Fontaines D.C. on debut album Dogrel, Ireland and poetry


I think the reason that we were drawn to eachother
was because we all felt a bit disconnected with… ..was going on around us musically and in
terms of the poetry and stuff like that. We wanted really good mates to talk to.
When we found that we’re all interested in… …poetry and sixties garagerock and stuff like that,
that was the reason for us to come together and talk. We kinda pass around a notebook and we
encourage eachother to write a line or two. And we drink a lot of beers and cocktails and stuff
like that. We drink cocktails untill we realize that we are… …spending to much money and then we drink beers.
It was that sort of sense of revolution. Which was totally in our heads.
– It made us feel like we were doing something. Yeah, it felt important, it felt significant.
– It put a curtain over the fact that we were drinking… …and made it seem like we were enriching
eachother’s lifes. In hindsight, maybe we were. – We were, man. We are all into people like Yeats and Patrick Kavanagh,
where Curley is from. Curley likes Patrick Kavanagh a lot,
he got a book by him for christmas, didn’t you? I did actually got it for Christmas of my girlfirend.
Patrick Kavanagh will probably be the biggest one for me… …because I enjoy his flaws in his earlier stuff
and whenever you see his progression in his poetry… …and you end up on Raglan Road, which ended up
being a song that the Dubliners start singing. I think that whole scene back then was so interesting.
To think at one stage in a bar in Dublin was Patrick Kavanagh… …and Luke Kelly sitting there and Patrick Kavanagh
was sitting there, being like: ‘I have the song for you.’ Flann O’Brien and Brendan Behan,
they were all sitting around the same bars together. We started out really with Beat poetry
and that was the scene where we were like: This is so cool, that this collection of writers can
get together and inspire eachother with the way… …that they were living. And each of them,
Jack Kerouac. Allan Ginsberg, Burrows… …all of them have works that stand to themselves,
but the fact that there is a scene of writers is very interesting. When we found out that there was one in Ireland,
it was just very inspiring. The song Liberty Belle, when it was written?
I can’t really tell you the answer to that in a succinct way. I only know that it was written when we lived in The Liberties,
which is a part of Dublin with a lot of character. It’s on the edge of the gentrification strip and it becomes
more and more Irish and more old and traditional. There is just so many things there that you see
along the street. There is a pub there called The Liberty Belle… …and there was a shop there as well called The Liberty Belle.

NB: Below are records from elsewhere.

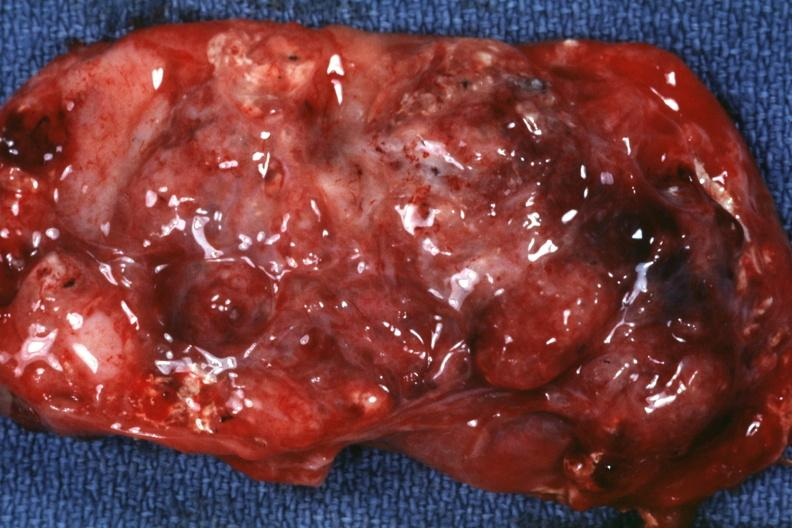does carcinomatosis endometrium primary show excised tumor mass?
Answer the question using a single word or phrase. No 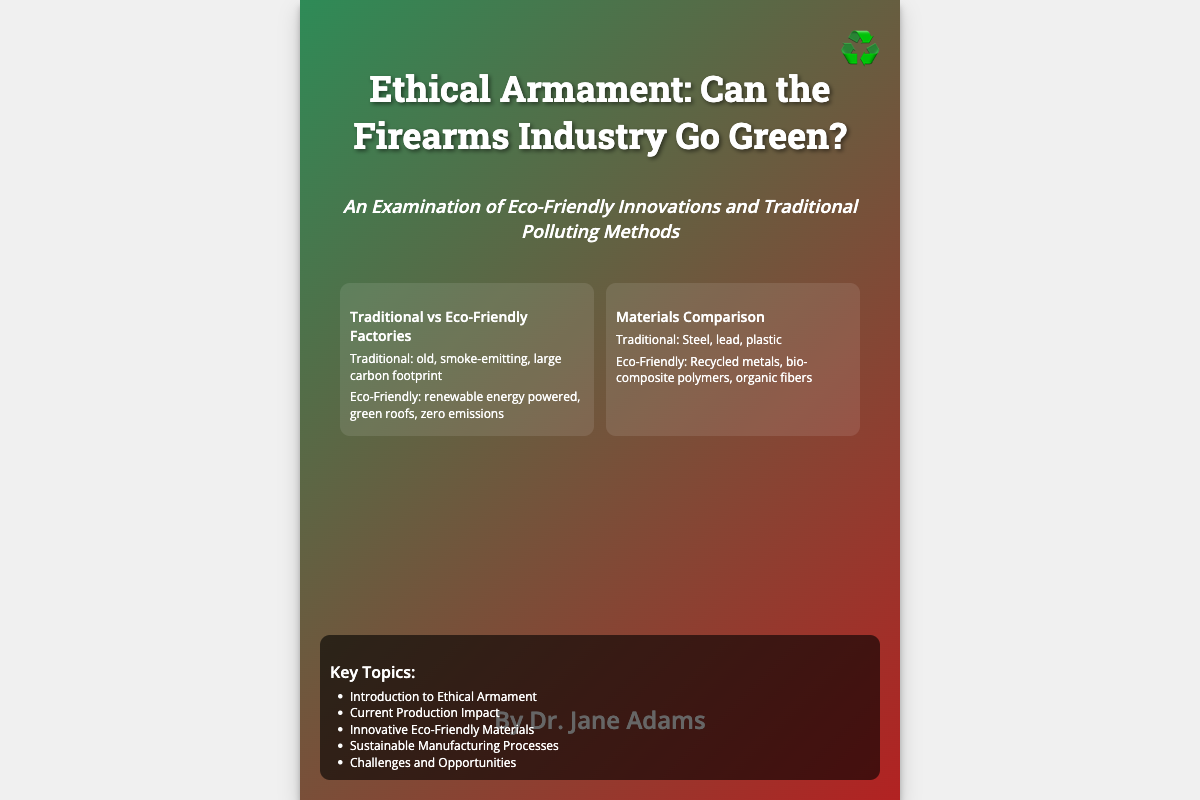What is the title of the book? The title is prominently displayed at the top of the document.
Answer: Ethical Armament: Can the Firearms Industry Go Green? Who is the author of the book? The author name is listed at the bottom of the document.
Answer: Dr. Jane Adams What are the traditional materials mentioned? This information is found in the illustrations section comparing materials.
Answer: Steel, lead, plastic What is one eco-friendly material listed? This information is found in the illustrations section on materials.
Answer: Recycled metals How many illustrations are there? The illustrations section contains a specific number of comparisons.
Answer: Two What are the key topics covered in the book? The key topics are listed in a bullet-point format in the document.
Answer: Introduction to Ethical Armament, Current Production Impact, Innovative Eco-Friendly Materials, Sustainable Manufacturing Processes, Challenges and Opportunities What is the subtitle of the book? The subtitle is directly below the title and is formatted differently.
Answer: An Examination of Eco-Friendly Innovations and Traditional Polluting Methods What is a distinguishing feature of eco-friendly factories? This information is highlighted in the factory comparisons.
Answer: Zero emissions What color theme is used for the book cover? The color gradient background provides this information.
Answer: Green and red

The pub itself is a very traditional place. It’s a great bar. And then the other place, the shop,
was a total outlaw. It was really strange and had a… …spiderweb feel to it. People that were selling
the clothes were trying to eat you. But it was written about trying to process
all the crazy stuff we saw on a day to day basis. I defenitly feel like there is a bit of incestuous
behaviour, creativily, in Dublin at the moment. There is great bands coming out, like the Murder Capital,
and Just Mustard and Melts. I think there is a bit of a catalyst in the form or Girl Band
a few years back, and it took particularly local people… …to digest it because it was so incredibly different
from what we perceive to be Irish culture. But at the same time it was very intrinsicly Irish
because of its language, but it was a very modern… …approach to Irishness. To us, it was like a modernist Pogues.
We took a lot of influence from The Pogues and we… …took a lot of influence from Girl Band.

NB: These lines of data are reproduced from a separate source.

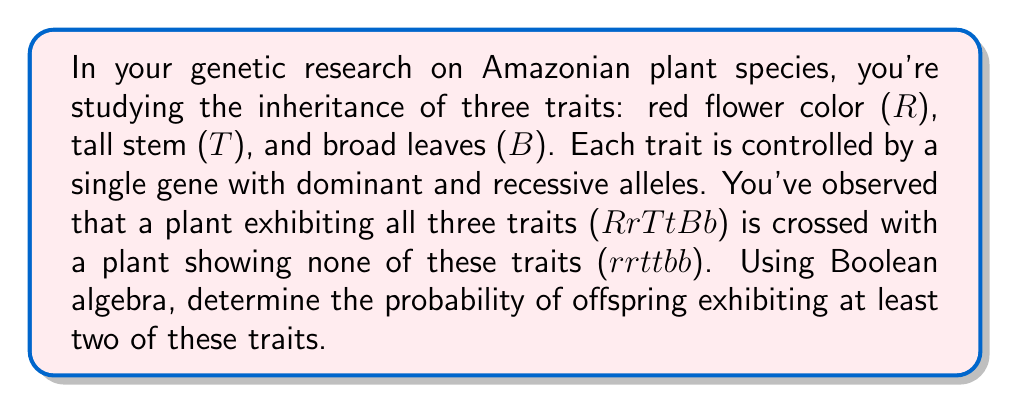Give your solution to this math problem. Let's approach this step-by-step using Boolean algebra:

1) First, we need to define our variables:
   R: red flower color
   T: tall stem
   B: broad leaves

2) The probability of each trait being expressed in the offspring is 1/2, as the parent with the dominant allele is heterozygous for each trait.

3) We can express the probability of each trait as:
   P(R) = P(T) = P(B) = 1/2

4) The probability of not having each trait is the complement:
   P(r) = P(t) = P(b) = 1 - 1/2 = 1/2

5) We want the probability of at least two traits, which is equivalent to the complement of having one or no traits. In Boolean terms:

   P(at least two traits) = 1 - P(one or no traits)

6) The probability of one or no traits can be expressed as:
   P(RTb + RtB + rTB + rtb)

7) Using the distributive property of Boolean algebra:
   P(RTb + RtB + rTB + rtb) = P(RT)P(b) + P(R)P(t)P(B) + P(r)P(T)P(B) + P(r)P(t)P(b)

8) Substituting the probabilities:
   (1/2 * 1/2 * 1/2) + (1/2 * 1/2 * 1/2) + (1/2 * 1/2 * 1/2) + (1/2 * 1/2 * 1/2)
   = 4 * (1/8) = 1/2

9) Therefore, the probability of at least two traits is:
   1 - 1/2 = 1/2

Thus, the probability of offspring exhibiting at least two of these traits is 1/2 or 50%.
Answer: 1/2 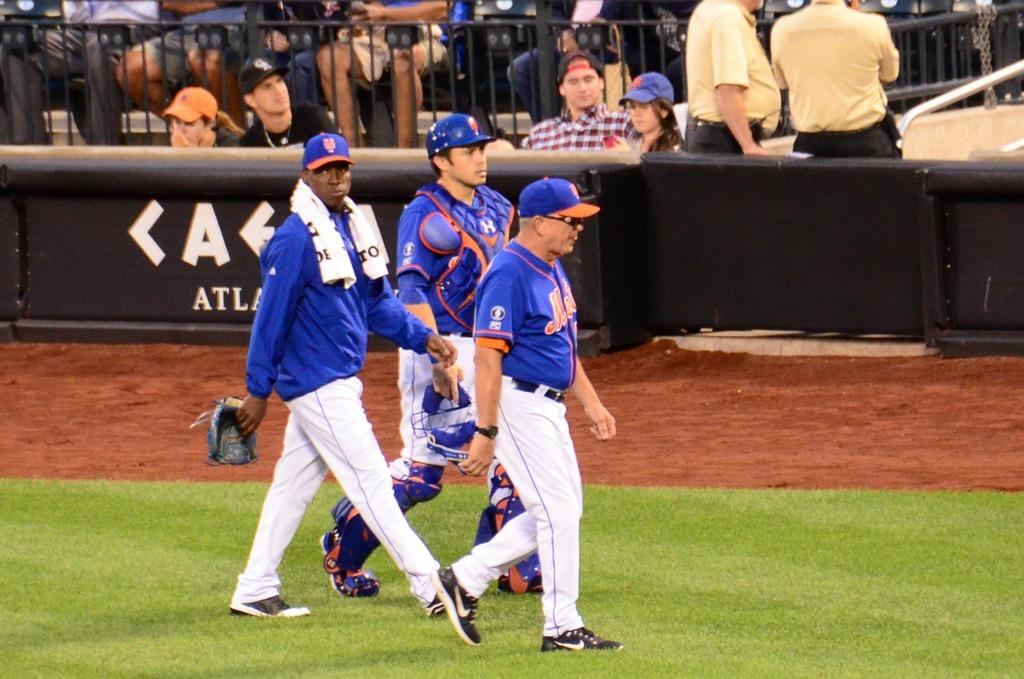<image>
Describe the image concisely. Three Mets athletes walking across the field while wearing blue shirts and hats.. 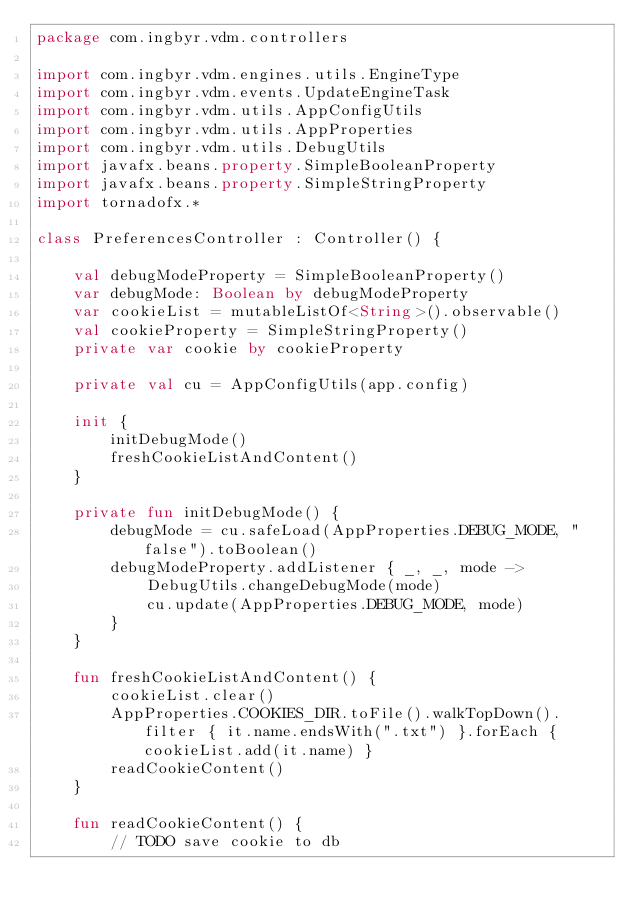<code> <loc_0><loc_0><loc_500><loc_500><_Kotlin_>package com.ingbyr.vdm.controllers

import com.ingbyr.vdm.engines.utils.EngineType
import com.ingbyr.vdm.events.UpdateEngineTask
import com.ingbyr.vdm.utils.AppConfigUtils
import com.ingbyr.vdm.utils.AppProperties
import com.ingbyr.vdm.utils.DebugUtils
import javafx.beans.property.SimpleBooleanProperty
import javafx.beans.property.SimpleStringProperty
import tornadofx.*

class PreferencesController : Controller() {

    val debugModeProperty = SimpleBooleanProperty()
    var debugMode: Boolean by debugModeProperty
    var cookieList = mutableListOf<String>().observable()
    val cookieProperty = SimpleStringProperty()
    private var cookie by cookieProperty

    private val cu = AppConfigUtils(app.config)

    init {
        initDebugMode()
        freshCookieListAndContent()
    }

    private fun initDebugMode() {
        debugMode = cu.safeLoad(AppProperties.DEBUG_MODE, "false").toBoolean()
        debugModeProperty.addListener { _, _, mode ->
            DebugUtils.changeDebugMode(mode)
            cu.update(AppProperties.DEBUG_MODE, mode)
        }
    }

    fun freshCookieListAndContent() {
        cookieList.clear()
        AppProperties.COOKIES_DIR.toFile().walkTopDown().filter { it.name.endsWith(".txt") }.forEach { cookieList.add(it.name) }
        readCookieContent()
    }

    fun readCookieContent() {
        // TODO save cookie to db</code>

All these bands that are coming around in Dublin… …I think we are all kind of reacting similarly to Girl Band.
It’s great when you’re influenced by your friends… …and family as well. Just people that are
actually in your day to day life. It’s much more exciting to be influenced by things like
that then be straight up influenced by other bands… …from the sixties and seventees.
It’s nice to be influenced by your neighbour. Curley wrote the lyrics to that song. I want to say
it was written at a very poignant time in our lives… …but it’s only made poignant by the person who is
living it really, and Curley made it poignant by capturing it The video ended up being something, to me anyway,
really special. I feel like it captured the idea of the song… …in a way that I could never really have imagined it.
The guy who directed the video, Liam Papadachi… …did an amazing job. The idea of the song was a loss
of hope and a loss of innocence and his angle with that… …in the video just like, he really did do an amazing job.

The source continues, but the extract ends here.